A minha Pipoquinha já está no pré-escolar!
Ainda ontem escrevia eu sobre o primeiro dia de creche e agora me vejo falando sobre a pré-escola...
Hoje em dia parece tudo tão precoce! Lembro-me de ir pela primeira vez para a escola já com quatro anos... acho que é a memória mais vívida que tenho desta idade. Ainda não tinham educadora definida e comecei com uma de quem gostei muito, mas passados alguns dias (não sei ao certo porque nesta idade não temos presente a noção do tempo), mudaram e depois mudaram outra vez; não faço ideia quantas educadoras foram, mas lembro-me de um dia a minha mãe me ir buscar e eu chegar em casa e dizer que já não ia para a escola.
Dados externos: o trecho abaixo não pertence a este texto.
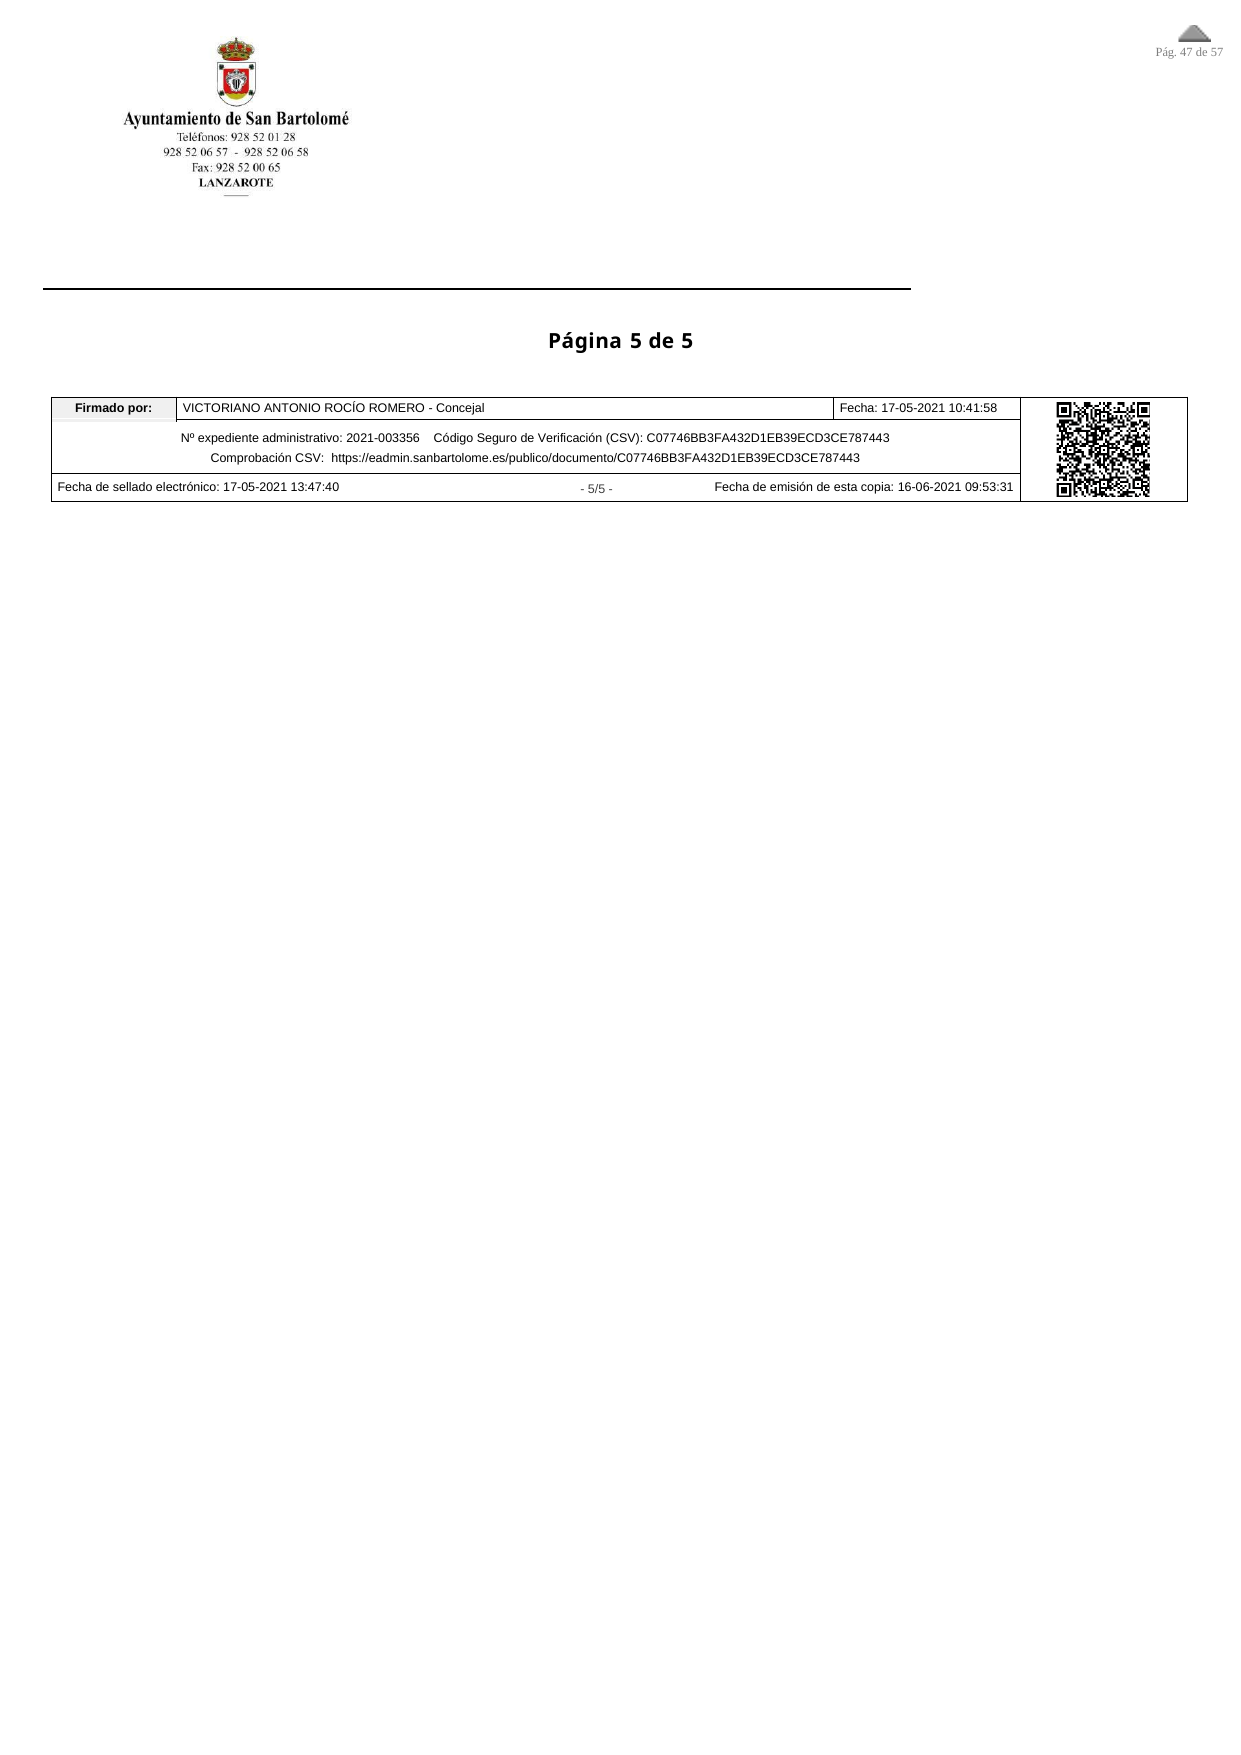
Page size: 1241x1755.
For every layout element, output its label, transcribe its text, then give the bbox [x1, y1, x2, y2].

table_header VICTORIANO ANTONIO ROCÍO ROMERO - Concejal [177, 398, 833, 418]
text Página 5 de 5 [191, 327, 1050, 355]
table_header Fecha: 17-05-2021 10:41:58 [834, 398, 1020, 418]
table_header Firmado por: [52, 398, 176, 418]
table_cell Nº expediente administrativo: 2021-003356 Código Seguro de Verificación (CSV): C07746BB3FA432D1EB39ECD3CE787443 Comprobación CSV: https://eadmin.sanbartolome.es/publico/documento/C07746BB3FA432D1EB39ECD3CE787443 [52, 420, 1020, 473]
table_cell Fecha de sellado electrónico: 17-05-2021 13:47:40 - 5/5 - Fecha de emisión de esta copia: 16-06-2021 09:53:31 [52, 474, 1020, 501]
table_header [1021, 398, 1187, 501]

Lembro-me de fazer cinco com a mão e dizer que só ia à escola quando tivesse cinco anos e realmente assim foi. Claro que são épocas diferentes; a minha mãe não trabalhava fora e pôde estar conosco. Hoje em dia isso é quase impensável... quase somos obrigados a colocar nossos filhos na creche com apenas cinco meses (no meu caso obrigada mesmo). Agora, com apenas dois anos e oito meses já vejo a minha menina, a minha bebe a entrar para a pré-escola. Sabe quando a gente sabe que está acontecendo mas parece que é um sonho? Pois é... só caí em mim quando recebi a lista de material: tesoura, lápis de cor, canetas de feltro, etc...
Mas onde quero chegar com esse blá blá blá? Quero chegar na reação da Pipoca à nova escola. Como eu contei quando escrevi sobre o último dia de creche, estava tudo a ser muito mais difícil para mim do que para ela; eu estava sofrendo por antecipação, ansiosa em como dizer a ela que já não veria os amigos, a educadora e a auxiliar. Pois no dia 3 de Setembro começamos a integração na nova escola e neste dia só me apeteceu sair correndo com ela nos braços. Ela agarrou-se a mim de tal maneira que me doeu e doeu ainda mais porque arrancaram-na dos meus braços. Na creche nunca a deixei chorando, ali ficou a chorar logo no primeiro dia. Chorei com ela. Mas passados alguns segundos ela já tinha se calado, ficou bem. O pai ficou em casa nesta semana também e foi buscá-la duas horas depois.
No dia seguinte eu não quis levá-la. Não conseguia. O pai foi e disse que ela ficou a chorar outra vez, mas passou rápido. Era para buscá-la antes do almoço, mas quando chegou ela já estava à mesa com os colegas e acabou por fazer no segundo o que faria e fez outra vez no terceiro dia, ficou até depois do almoço. No quarto dia criei coragem para ir levá-la novamente. Arrancaram-na outra vez dos meus braços e saí novamente em lágrimas. Neste dia ela ficou a dormir depois do almoço e no último dia da integração foi já para ficar o dia todo. Neste dia não deixei que lhe tirassem de mim. Ela tirou a chucha e guardou na mochila e a seguir guardei a mochila no cabide. Conversei com ela e expliquei que a mãe tinha que ir para o trabalho e que ela precisava ficar na escola. A seguir os colegas vinham a entrar na sala e eu lhe disse: _ vai para tua sala, vai. Ela foi, feliz da vida, sorrindo. Que alívio! Neste dia fui para o trabalho sem aquele peso de culpa, aquela sensação de não estar lá para ela.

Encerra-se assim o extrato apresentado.